Une pratique du sport limitée
« Celles qui ont un profil hyperactif sont parties à la campagne. Avec un jardin, un bois à proximité pour faire du sport, elles ne se sont pas confinées dans leur 25 m² à Paris ! » constate Myriam Cordelle, de SOS Anor. Pour de nombreuses boulimiques ou anorexiques l’aspect exutoire du sport va être de plus en plus compliqué à gérer, dans la mesure où les sorties de sports sont désormais strictement régulées. C’est d’ailleurs ce que fait quotidiennement Clémence*. « Je suis dans une logique de perte de poids. Je cours au moins 1h par jour ensuite je fais du cardio-training, je ne mange pas le matin ni le midi. Même si je suis avec mes parents, ils bossent en télétravail donc ils ne font pas forcément attention à ce que je fais ni à ce que je mange. Je leur dis que je mange vers 15h, je vais faire du bruit dans la cuisine à l’heure dite et hop. »

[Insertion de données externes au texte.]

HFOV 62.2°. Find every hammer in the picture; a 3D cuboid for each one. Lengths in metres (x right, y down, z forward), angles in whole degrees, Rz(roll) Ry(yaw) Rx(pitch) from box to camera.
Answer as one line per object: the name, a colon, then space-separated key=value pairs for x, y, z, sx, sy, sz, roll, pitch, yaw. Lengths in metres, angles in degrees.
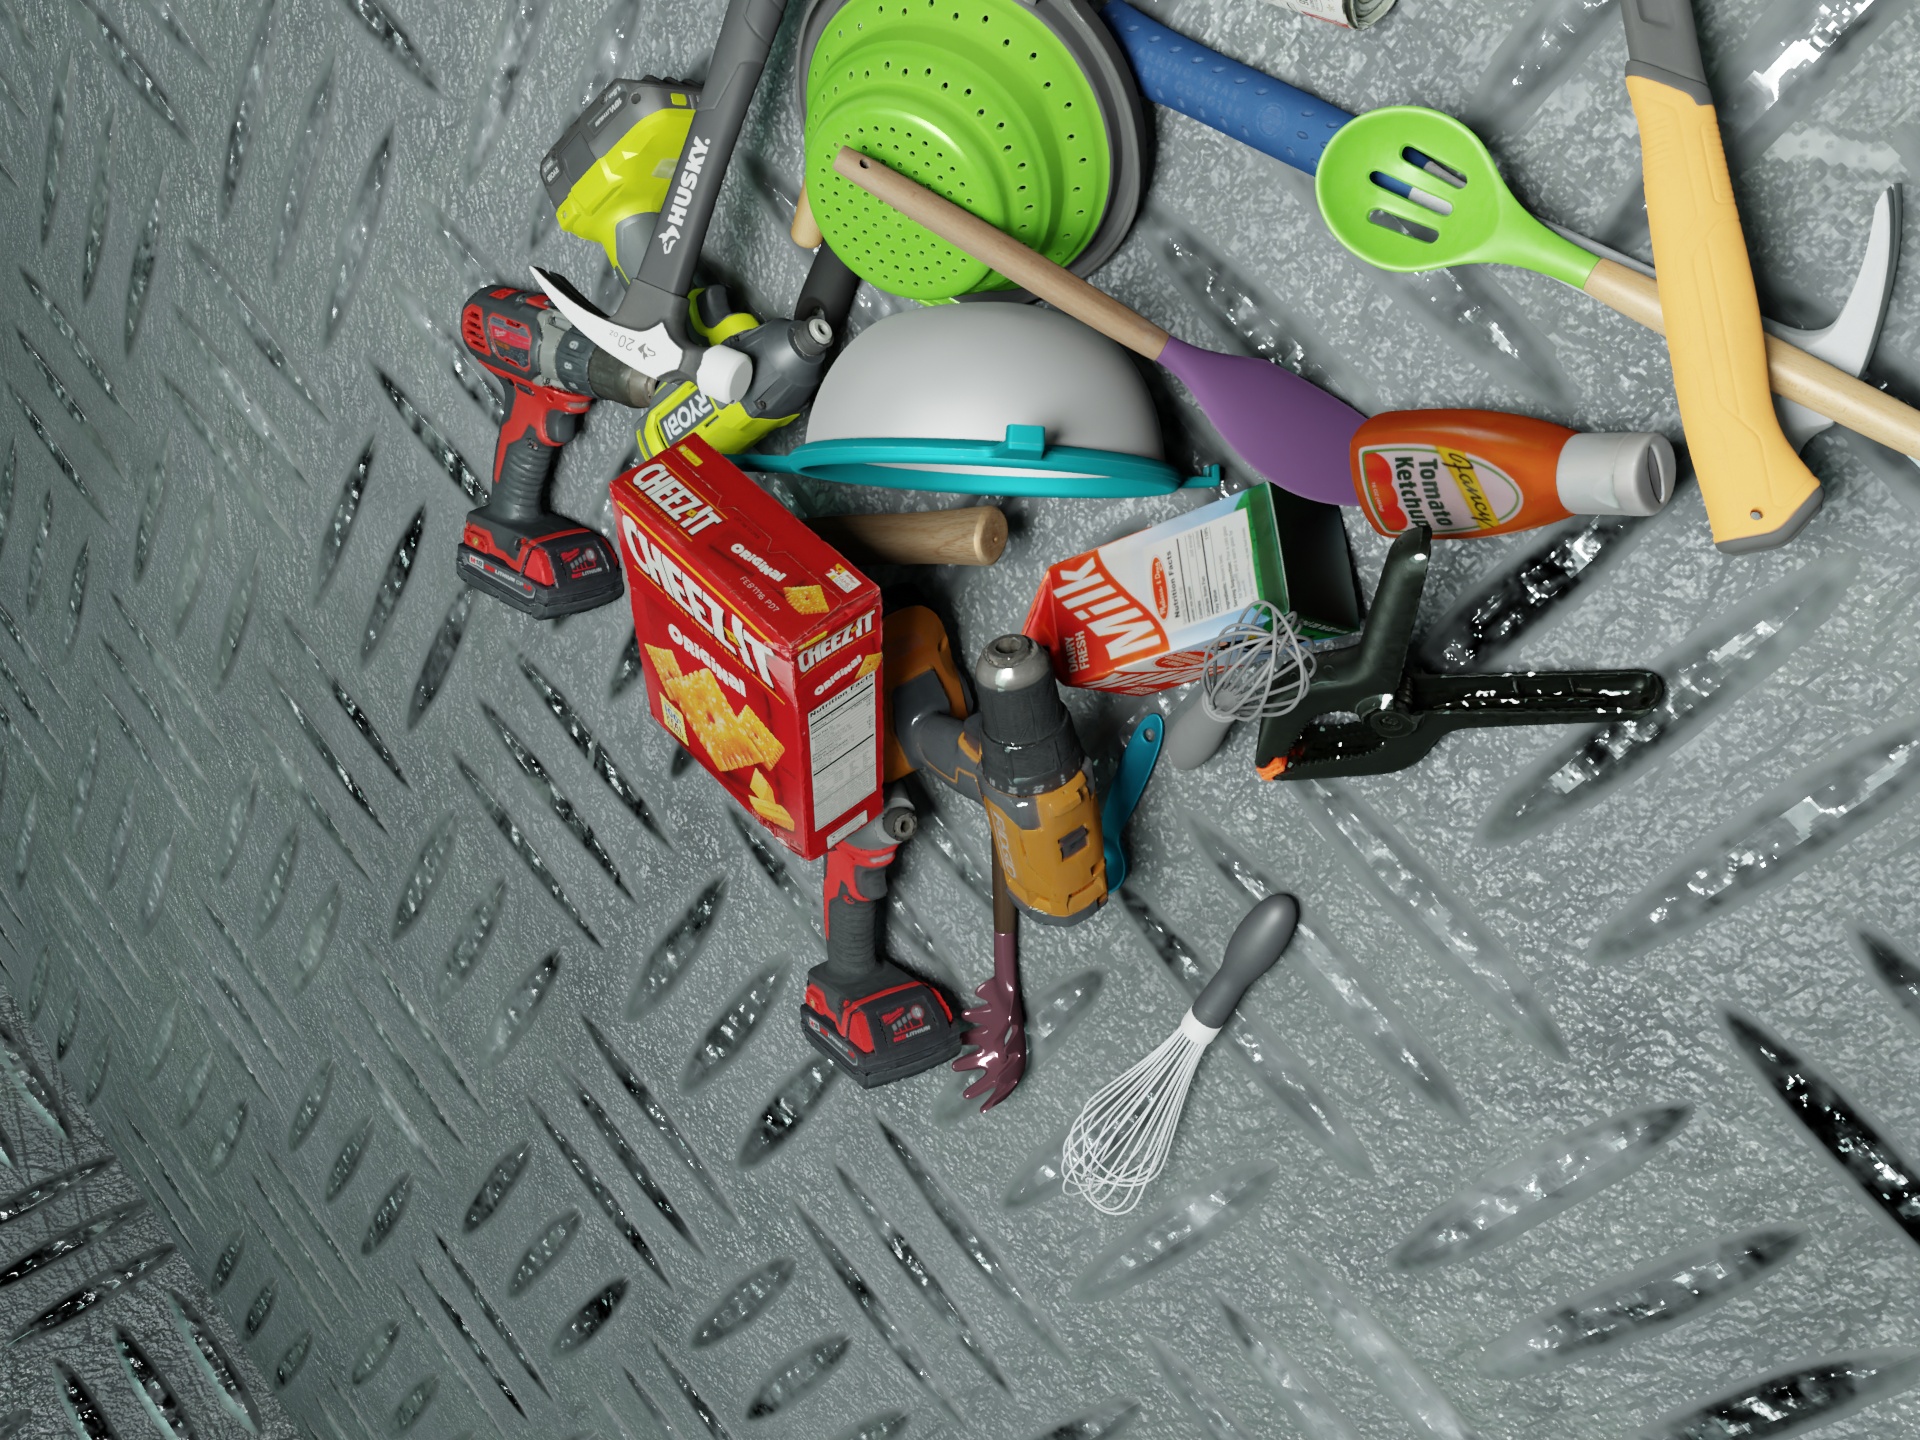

Les risques pour la santé de ces dernières demeurent pourtant considérables. Les risques de contamination au Covid-19 s’accentuent dans la mesure où leurs défenses immunitaires sont faibles et s’accumulent à des problèmes de santé déjà existants. Les TCA sont l’une des maladies mentales les plus mortelles avec plus de 1 000 décès par an en France.
*Les noms ont été changés pour préserver l’anonymat.